*Data excerpts:*
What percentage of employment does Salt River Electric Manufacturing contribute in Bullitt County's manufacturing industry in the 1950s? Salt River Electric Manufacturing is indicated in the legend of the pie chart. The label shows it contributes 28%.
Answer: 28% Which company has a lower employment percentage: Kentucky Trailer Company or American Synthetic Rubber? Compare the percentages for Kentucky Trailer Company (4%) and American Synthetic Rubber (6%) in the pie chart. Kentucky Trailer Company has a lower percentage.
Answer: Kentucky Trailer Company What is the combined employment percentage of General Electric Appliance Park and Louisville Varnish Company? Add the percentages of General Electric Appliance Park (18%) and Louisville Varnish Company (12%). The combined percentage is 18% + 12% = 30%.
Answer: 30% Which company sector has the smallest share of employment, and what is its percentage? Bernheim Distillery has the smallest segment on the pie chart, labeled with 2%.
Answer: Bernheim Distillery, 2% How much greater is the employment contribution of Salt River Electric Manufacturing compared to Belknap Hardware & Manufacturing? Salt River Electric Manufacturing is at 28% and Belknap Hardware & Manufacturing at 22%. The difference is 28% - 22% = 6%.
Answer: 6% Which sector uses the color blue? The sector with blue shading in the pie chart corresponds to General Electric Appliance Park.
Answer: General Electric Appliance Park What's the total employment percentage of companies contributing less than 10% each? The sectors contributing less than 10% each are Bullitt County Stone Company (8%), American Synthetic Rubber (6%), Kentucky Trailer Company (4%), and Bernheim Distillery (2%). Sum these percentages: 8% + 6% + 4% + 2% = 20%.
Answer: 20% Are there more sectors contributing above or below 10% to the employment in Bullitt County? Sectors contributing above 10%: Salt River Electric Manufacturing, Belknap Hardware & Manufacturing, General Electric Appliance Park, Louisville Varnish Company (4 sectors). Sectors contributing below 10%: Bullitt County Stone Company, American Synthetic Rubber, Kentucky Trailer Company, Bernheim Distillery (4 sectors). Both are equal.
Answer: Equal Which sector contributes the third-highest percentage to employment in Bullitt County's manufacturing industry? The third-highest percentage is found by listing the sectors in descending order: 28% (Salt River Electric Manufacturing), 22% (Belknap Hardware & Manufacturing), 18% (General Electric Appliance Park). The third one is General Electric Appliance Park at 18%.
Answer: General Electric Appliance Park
...
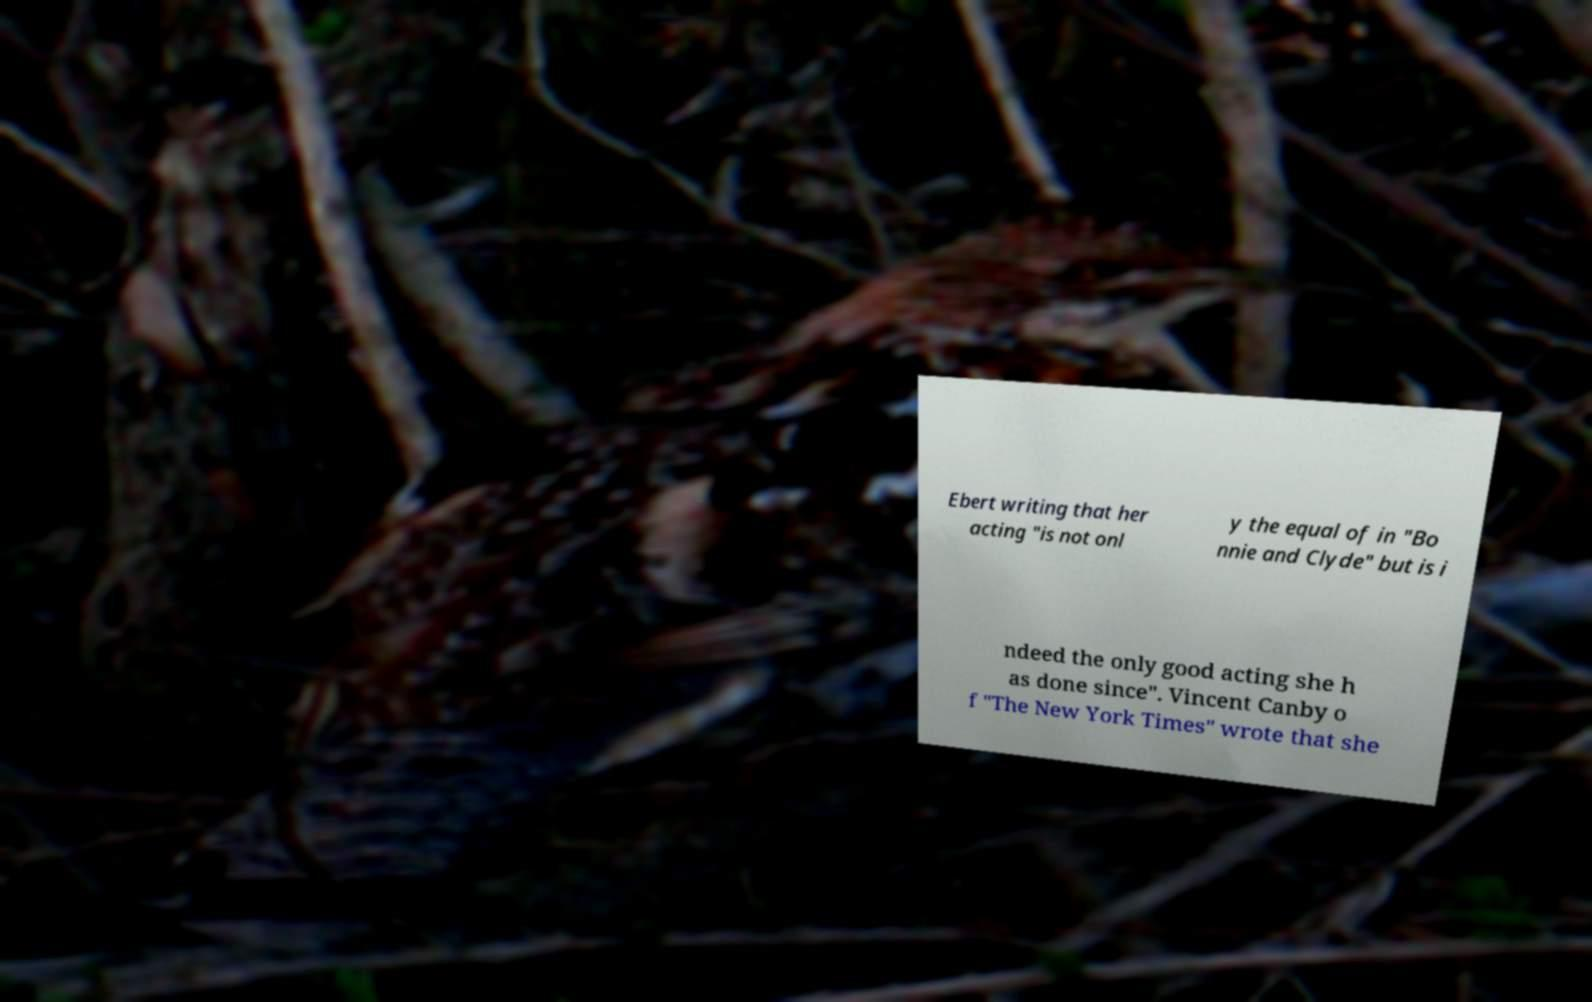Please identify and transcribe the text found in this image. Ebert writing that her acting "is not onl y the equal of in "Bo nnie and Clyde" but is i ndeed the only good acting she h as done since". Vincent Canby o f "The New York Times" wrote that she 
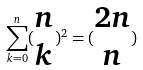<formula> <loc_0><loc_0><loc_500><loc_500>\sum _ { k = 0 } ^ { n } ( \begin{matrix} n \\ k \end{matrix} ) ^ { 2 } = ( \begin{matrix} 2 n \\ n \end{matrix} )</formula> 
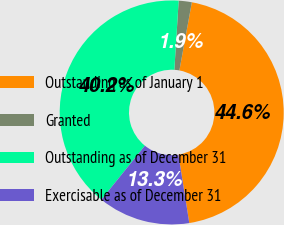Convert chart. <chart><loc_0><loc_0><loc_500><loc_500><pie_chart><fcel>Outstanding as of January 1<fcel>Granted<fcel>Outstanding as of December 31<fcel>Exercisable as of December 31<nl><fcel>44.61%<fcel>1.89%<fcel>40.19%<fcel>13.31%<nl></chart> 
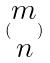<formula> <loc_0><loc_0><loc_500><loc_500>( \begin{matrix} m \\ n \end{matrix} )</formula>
* * *
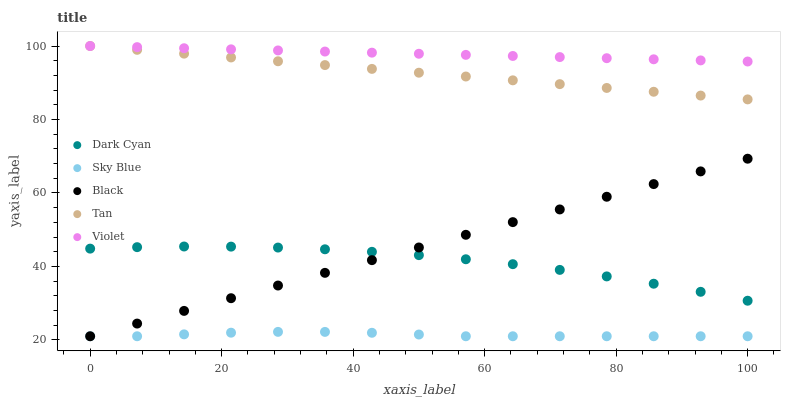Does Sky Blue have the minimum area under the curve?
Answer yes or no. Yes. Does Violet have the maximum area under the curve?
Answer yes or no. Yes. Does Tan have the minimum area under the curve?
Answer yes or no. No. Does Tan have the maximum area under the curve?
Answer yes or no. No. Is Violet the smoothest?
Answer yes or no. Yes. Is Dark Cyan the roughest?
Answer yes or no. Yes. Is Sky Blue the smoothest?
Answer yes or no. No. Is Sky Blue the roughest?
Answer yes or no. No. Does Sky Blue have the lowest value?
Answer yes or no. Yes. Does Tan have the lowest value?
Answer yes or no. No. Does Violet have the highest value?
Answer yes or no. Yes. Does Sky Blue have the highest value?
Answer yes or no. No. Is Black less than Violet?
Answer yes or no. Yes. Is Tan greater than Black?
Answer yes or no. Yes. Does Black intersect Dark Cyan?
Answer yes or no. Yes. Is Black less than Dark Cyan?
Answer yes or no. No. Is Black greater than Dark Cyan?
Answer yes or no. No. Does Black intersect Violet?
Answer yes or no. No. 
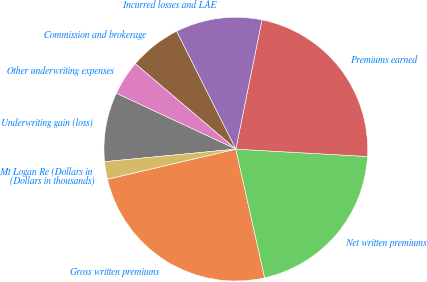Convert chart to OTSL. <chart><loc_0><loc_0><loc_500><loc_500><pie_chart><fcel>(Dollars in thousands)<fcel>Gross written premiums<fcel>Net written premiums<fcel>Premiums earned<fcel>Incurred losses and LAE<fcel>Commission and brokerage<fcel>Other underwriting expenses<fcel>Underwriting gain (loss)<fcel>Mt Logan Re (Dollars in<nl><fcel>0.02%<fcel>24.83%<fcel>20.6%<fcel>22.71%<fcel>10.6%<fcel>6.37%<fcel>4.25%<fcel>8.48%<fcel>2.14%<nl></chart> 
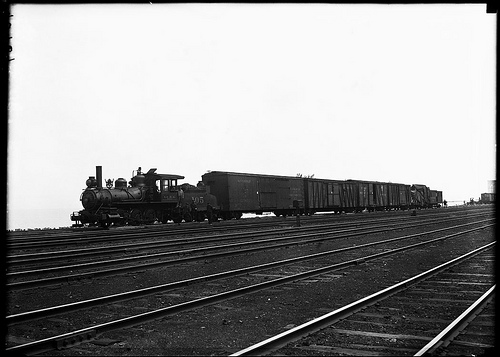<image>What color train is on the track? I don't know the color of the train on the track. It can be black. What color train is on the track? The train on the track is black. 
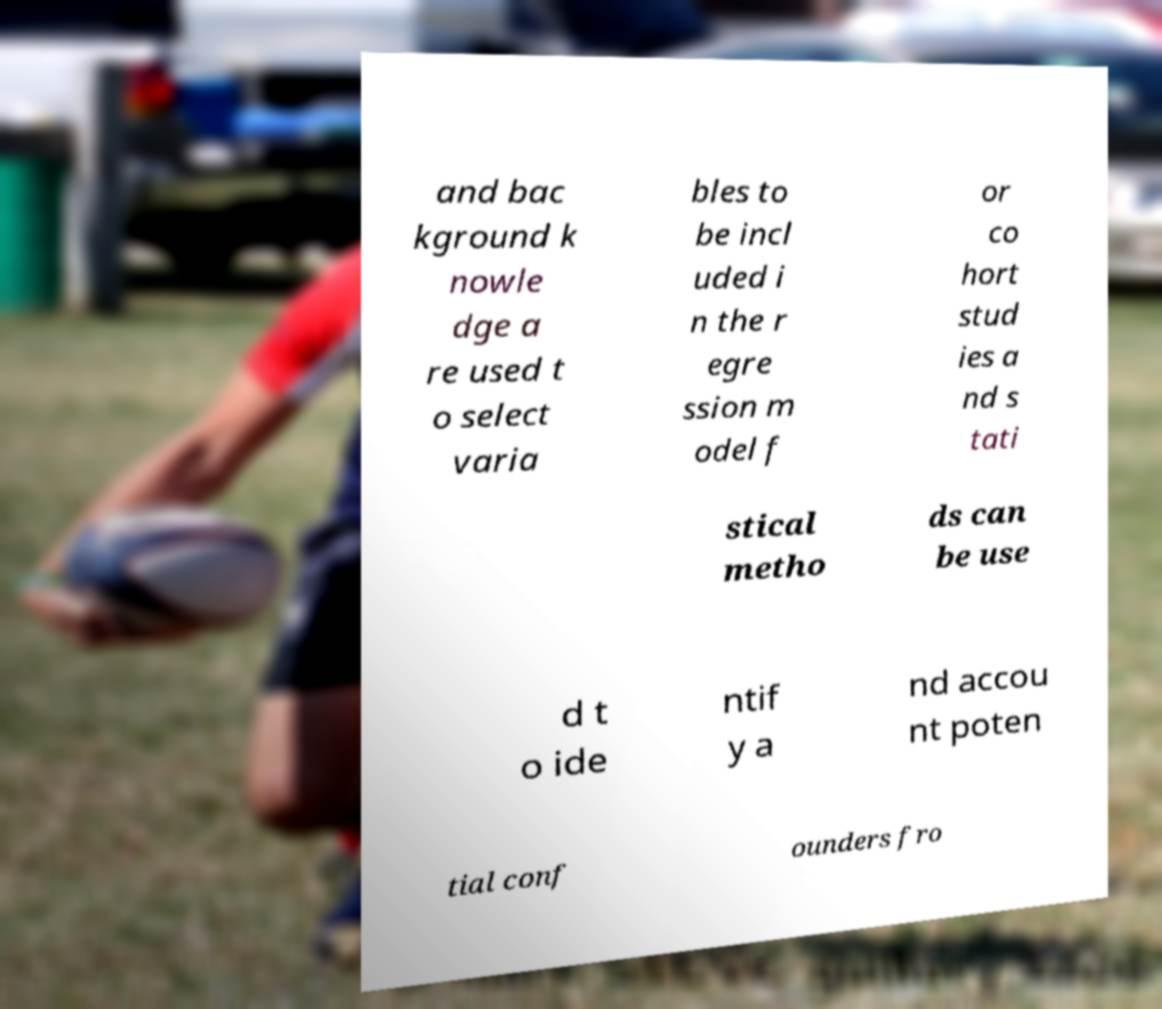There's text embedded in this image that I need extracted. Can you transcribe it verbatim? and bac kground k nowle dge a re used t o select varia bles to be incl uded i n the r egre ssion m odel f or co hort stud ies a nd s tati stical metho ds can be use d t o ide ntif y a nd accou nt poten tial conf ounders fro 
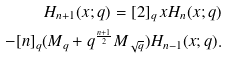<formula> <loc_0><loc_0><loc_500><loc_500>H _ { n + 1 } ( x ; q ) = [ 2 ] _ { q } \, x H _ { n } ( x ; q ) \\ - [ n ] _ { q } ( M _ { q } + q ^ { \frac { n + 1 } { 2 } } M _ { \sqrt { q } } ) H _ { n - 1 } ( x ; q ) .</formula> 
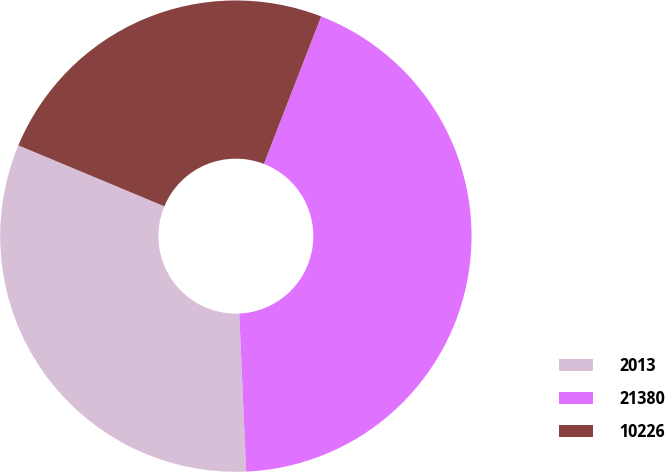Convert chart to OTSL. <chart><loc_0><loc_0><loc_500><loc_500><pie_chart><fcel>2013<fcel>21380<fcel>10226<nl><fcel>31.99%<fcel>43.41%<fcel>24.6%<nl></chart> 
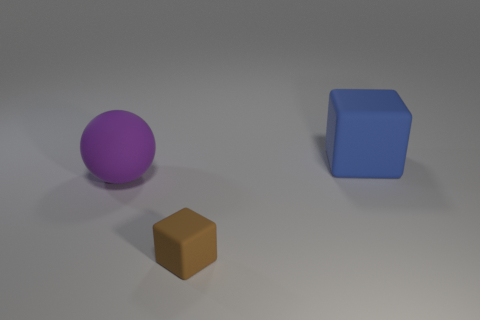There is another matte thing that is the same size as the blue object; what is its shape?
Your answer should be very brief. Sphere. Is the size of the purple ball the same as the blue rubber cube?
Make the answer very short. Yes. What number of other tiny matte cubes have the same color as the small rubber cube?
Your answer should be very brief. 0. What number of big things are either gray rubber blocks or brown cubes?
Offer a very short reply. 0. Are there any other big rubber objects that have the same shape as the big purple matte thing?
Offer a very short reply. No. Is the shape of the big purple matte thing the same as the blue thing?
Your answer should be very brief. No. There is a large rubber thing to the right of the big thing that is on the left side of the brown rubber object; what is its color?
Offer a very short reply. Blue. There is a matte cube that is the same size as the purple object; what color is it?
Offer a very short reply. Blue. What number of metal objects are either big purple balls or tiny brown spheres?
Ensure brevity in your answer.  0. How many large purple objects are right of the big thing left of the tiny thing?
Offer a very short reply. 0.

*Task instructions:* Your answer should consist only of the lines above between the line holding "Answer: 28% Which" and the line holding "Answer: 30% Which", inclusive, each transcribed exactly.

*Answer below:*
Answer: 28% Which company has a lower employment percentage: Kentucky Trailer Company or American Synthetic Rubber? Compare the percentages for Kentucky Trailer Company (4%) and American Synthetic Rubber (6%) in the pie chart. Kentucky Trailer Company has a lower percentage.
Answer: Kentucky Trailer Company What is the combined employment percentage of General Electric Appliance Park and Louisville Varnish Company? Add the percentages of General Electric Appliance Park (18%) and Louisville Varnish Company (12%). The combined percentage is 18% + 12% = 30%.
Answer: 30% Which company sector has the smallest share of employment, and what is its percentage? Bernheim Distillery has the smallest segment on the pie chart, labeled with 2%.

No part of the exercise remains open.